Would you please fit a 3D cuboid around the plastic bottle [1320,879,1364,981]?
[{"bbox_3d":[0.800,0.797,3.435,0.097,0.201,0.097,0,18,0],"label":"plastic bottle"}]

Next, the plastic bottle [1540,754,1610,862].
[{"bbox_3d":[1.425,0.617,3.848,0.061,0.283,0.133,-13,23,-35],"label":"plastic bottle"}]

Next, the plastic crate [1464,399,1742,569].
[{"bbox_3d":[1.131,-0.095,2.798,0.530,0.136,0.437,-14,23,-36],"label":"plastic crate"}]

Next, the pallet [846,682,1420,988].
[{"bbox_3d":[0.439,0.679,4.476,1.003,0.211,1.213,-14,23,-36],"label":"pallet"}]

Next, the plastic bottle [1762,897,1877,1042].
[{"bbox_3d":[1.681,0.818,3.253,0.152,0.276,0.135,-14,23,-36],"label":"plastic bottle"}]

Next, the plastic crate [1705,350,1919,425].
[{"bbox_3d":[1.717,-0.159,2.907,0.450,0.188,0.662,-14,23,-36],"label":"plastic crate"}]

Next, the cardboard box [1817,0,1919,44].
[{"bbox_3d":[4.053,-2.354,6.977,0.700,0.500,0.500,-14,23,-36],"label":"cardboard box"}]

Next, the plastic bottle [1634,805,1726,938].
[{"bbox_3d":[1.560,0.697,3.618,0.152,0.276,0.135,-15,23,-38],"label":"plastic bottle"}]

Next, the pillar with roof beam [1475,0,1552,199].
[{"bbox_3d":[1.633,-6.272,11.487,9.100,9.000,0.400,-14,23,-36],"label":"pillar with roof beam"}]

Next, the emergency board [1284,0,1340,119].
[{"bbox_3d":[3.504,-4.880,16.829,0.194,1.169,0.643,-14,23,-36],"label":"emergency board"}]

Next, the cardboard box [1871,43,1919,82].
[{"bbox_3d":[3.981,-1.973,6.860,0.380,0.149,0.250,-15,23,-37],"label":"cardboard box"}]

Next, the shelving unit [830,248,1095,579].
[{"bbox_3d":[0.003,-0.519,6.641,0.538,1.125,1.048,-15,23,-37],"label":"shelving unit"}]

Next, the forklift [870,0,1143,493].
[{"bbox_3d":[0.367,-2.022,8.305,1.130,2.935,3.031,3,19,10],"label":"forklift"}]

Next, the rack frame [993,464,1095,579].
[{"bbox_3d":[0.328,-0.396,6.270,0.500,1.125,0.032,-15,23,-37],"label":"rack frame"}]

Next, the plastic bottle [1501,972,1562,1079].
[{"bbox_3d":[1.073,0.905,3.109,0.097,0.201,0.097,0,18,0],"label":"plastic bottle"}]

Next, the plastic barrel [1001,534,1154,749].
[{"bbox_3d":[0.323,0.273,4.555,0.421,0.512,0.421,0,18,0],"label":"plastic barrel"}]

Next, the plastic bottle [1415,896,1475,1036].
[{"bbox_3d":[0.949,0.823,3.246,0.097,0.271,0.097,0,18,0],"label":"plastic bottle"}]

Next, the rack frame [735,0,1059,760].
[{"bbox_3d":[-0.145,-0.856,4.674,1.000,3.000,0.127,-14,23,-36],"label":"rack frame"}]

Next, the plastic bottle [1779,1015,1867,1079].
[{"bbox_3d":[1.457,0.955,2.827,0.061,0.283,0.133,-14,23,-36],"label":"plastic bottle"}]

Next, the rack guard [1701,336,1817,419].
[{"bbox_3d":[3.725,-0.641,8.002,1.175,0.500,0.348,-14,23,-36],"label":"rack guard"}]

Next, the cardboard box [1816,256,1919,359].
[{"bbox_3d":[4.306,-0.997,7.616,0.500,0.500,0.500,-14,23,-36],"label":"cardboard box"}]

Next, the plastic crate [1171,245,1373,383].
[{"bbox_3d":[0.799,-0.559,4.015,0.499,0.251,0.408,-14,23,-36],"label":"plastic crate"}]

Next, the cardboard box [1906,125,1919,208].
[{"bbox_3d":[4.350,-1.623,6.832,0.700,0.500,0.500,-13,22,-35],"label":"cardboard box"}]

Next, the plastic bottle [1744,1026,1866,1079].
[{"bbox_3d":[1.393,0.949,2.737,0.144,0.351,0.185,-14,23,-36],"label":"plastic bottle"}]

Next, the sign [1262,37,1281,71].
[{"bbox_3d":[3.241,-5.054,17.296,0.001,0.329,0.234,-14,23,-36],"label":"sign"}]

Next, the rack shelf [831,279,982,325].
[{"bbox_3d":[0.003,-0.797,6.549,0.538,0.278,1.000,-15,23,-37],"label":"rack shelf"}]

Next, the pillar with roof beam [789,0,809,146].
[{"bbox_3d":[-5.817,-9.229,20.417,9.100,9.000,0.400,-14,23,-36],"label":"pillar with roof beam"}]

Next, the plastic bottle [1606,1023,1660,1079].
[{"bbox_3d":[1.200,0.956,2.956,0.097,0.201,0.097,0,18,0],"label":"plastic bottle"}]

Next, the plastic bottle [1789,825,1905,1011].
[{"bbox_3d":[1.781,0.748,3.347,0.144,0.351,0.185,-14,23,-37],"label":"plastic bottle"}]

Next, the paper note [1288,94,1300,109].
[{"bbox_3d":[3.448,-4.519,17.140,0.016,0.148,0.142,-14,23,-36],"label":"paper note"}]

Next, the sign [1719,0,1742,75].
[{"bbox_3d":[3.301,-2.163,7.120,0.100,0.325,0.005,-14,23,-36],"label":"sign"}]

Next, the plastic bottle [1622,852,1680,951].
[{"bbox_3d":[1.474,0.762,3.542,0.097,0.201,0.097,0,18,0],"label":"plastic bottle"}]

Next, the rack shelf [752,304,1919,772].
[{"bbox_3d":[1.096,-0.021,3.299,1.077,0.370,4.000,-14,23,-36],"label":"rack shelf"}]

━━━━━━━━

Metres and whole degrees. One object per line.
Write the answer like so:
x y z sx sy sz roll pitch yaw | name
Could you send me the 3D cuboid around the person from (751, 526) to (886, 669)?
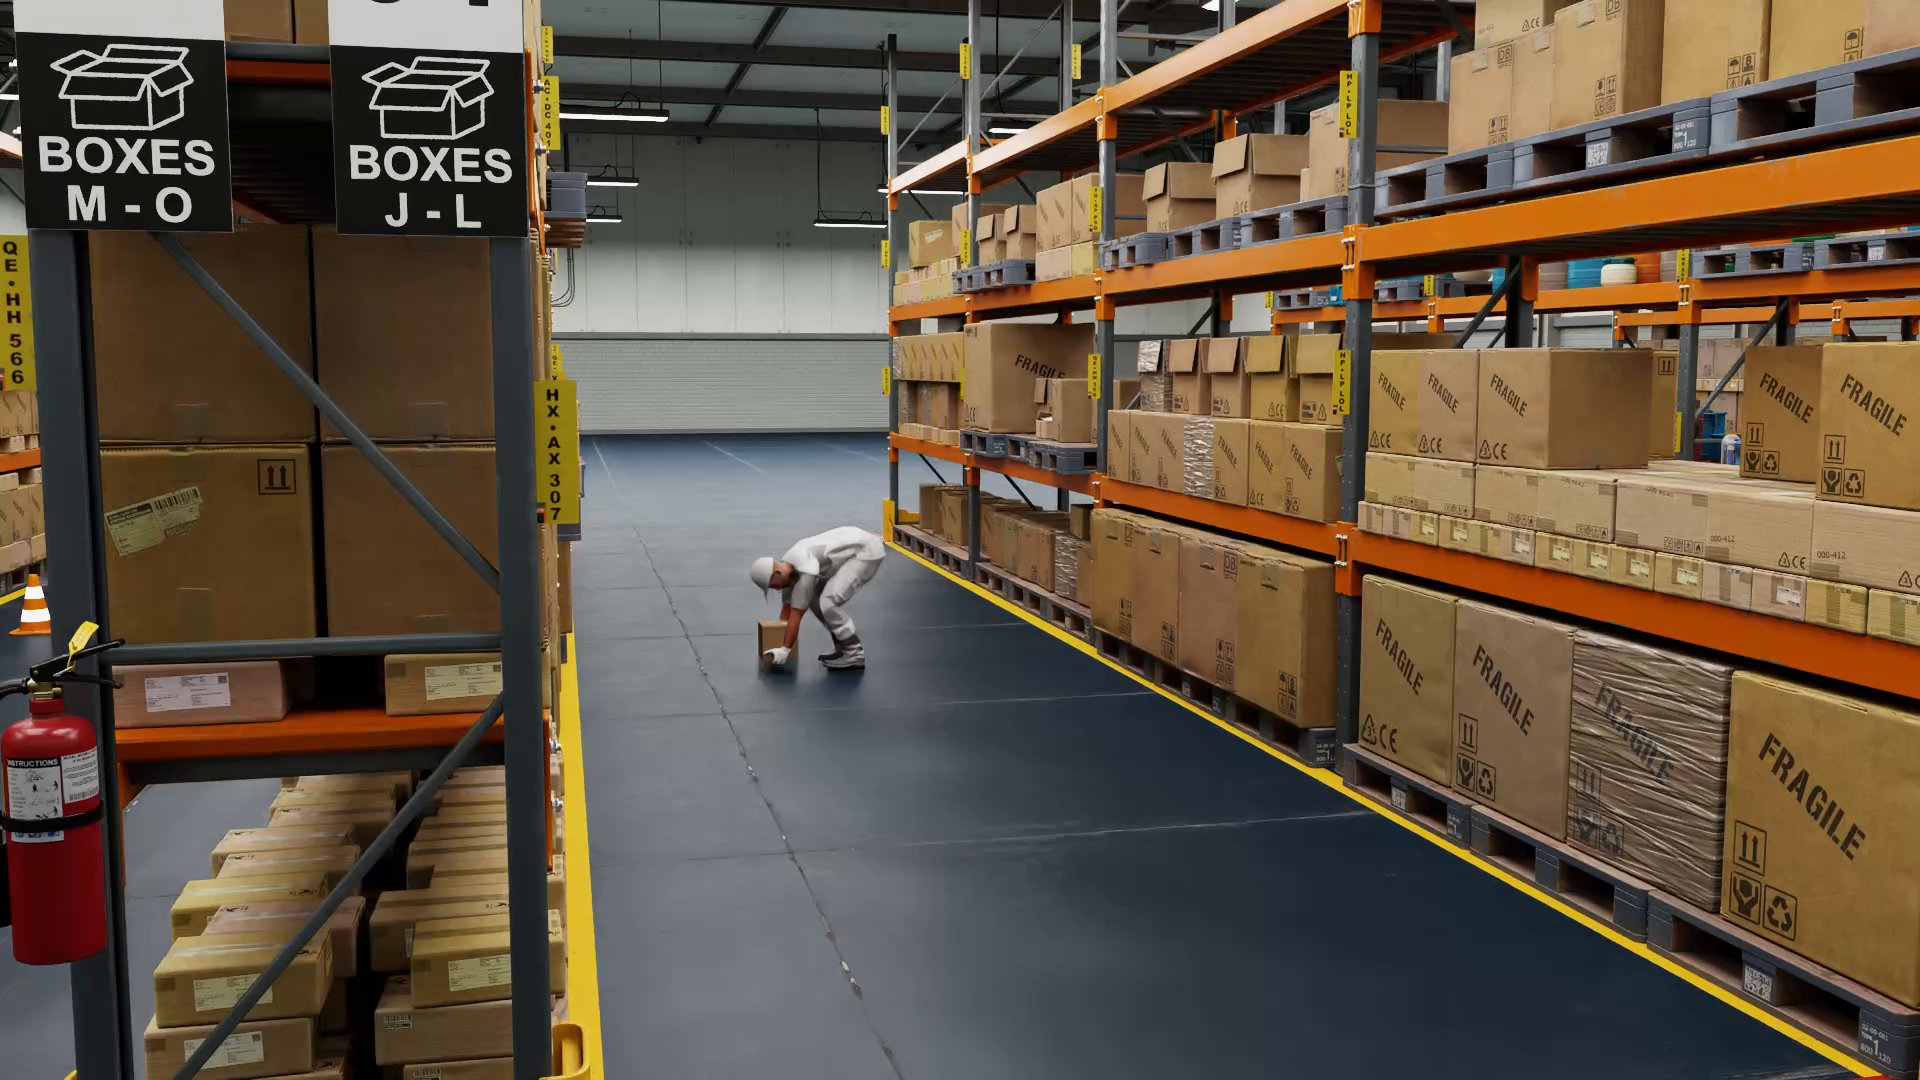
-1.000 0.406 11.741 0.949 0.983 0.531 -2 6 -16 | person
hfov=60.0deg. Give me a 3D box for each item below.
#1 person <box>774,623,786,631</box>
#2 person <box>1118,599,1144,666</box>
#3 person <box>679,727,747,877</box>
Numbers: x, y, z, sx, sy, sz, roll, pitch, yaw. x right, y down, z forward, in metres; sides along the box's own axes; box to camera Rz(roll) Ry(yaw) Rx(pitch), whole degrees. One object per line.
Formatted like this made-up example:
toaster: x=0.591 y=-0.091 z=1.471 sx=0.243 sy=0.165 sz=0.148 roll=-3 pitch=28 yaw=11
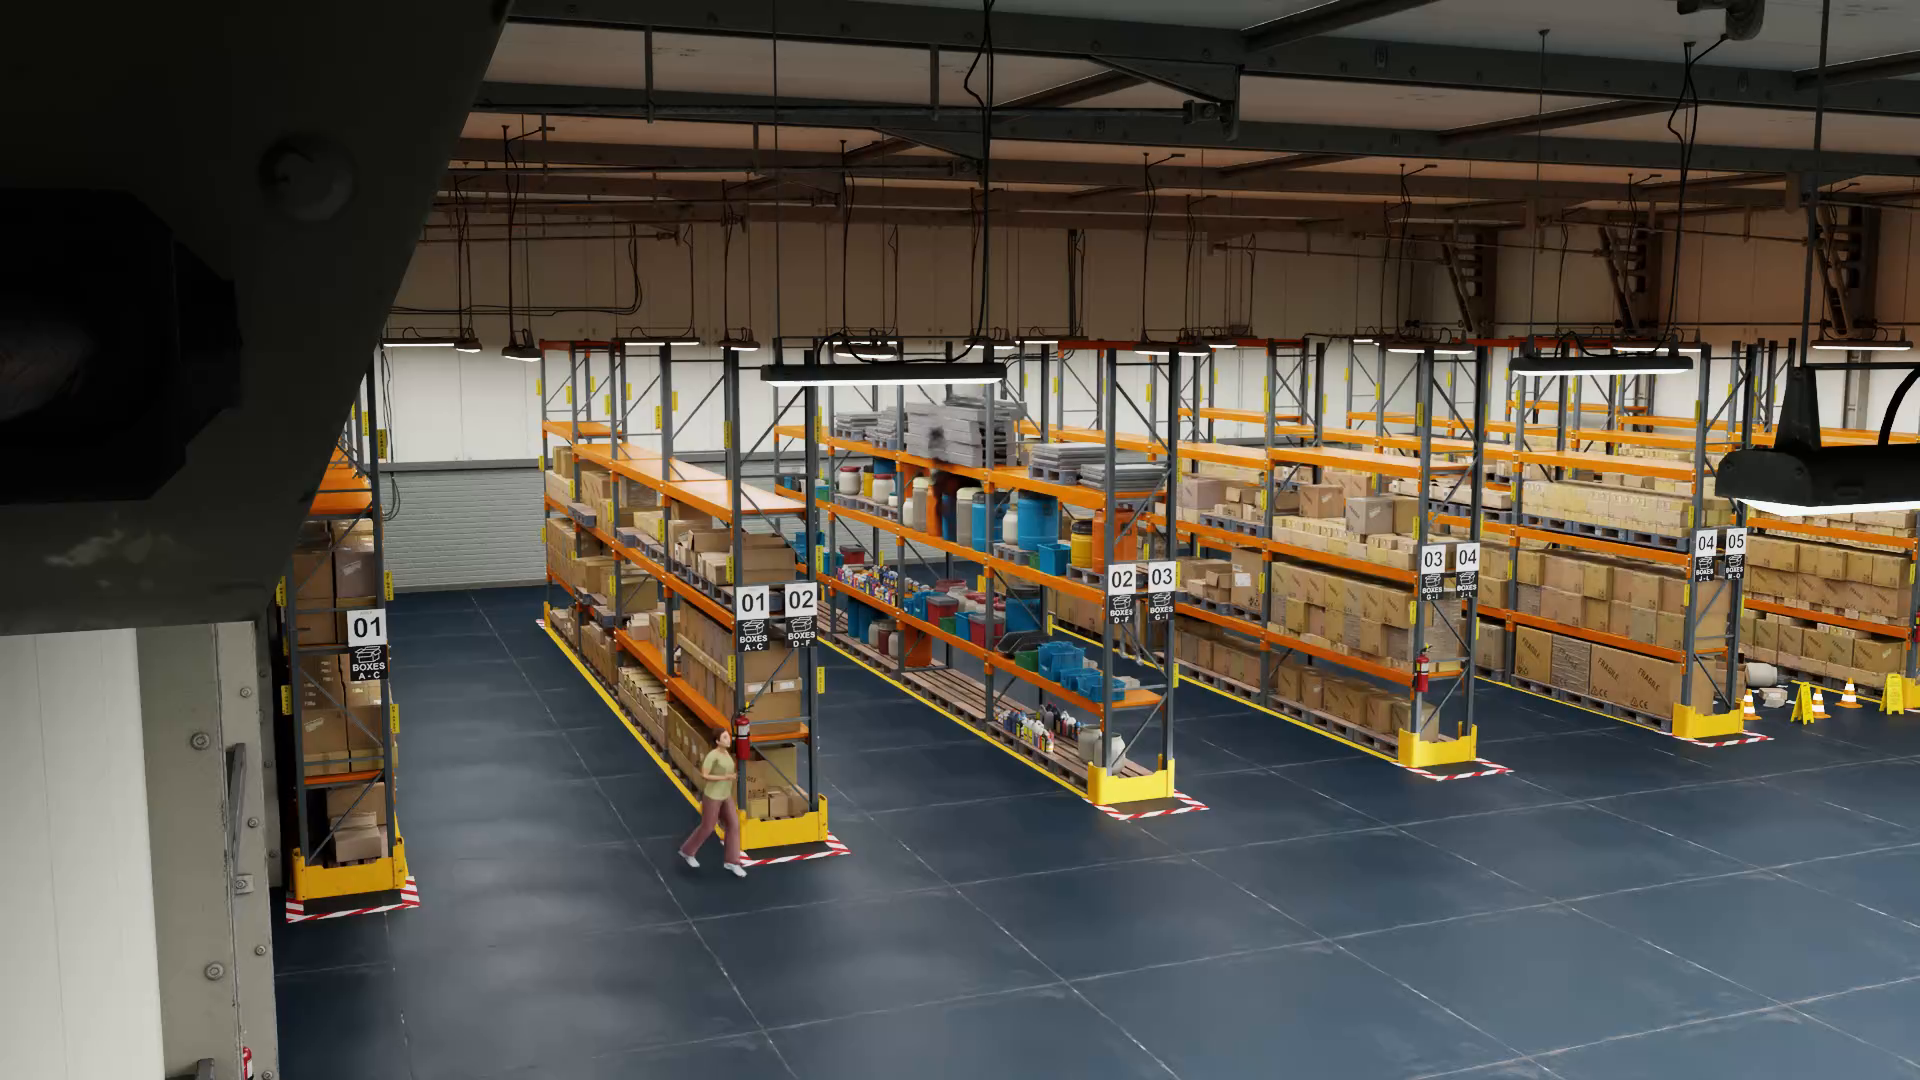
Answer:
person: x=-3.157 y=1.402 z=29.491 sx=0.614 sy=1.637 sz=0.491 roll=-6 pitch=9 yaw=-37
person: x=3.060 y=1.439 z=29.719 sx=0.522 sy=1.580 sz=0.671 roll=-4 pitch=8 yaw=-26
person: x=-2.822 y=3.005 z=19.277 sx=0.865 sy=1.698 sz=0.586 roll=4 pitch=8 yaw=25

━━━━━━━━

Scan the entries above for the string "like" and copy each line that contains it.

### Answer to this problem
Write the answer like so:
Formatted like this made-up example:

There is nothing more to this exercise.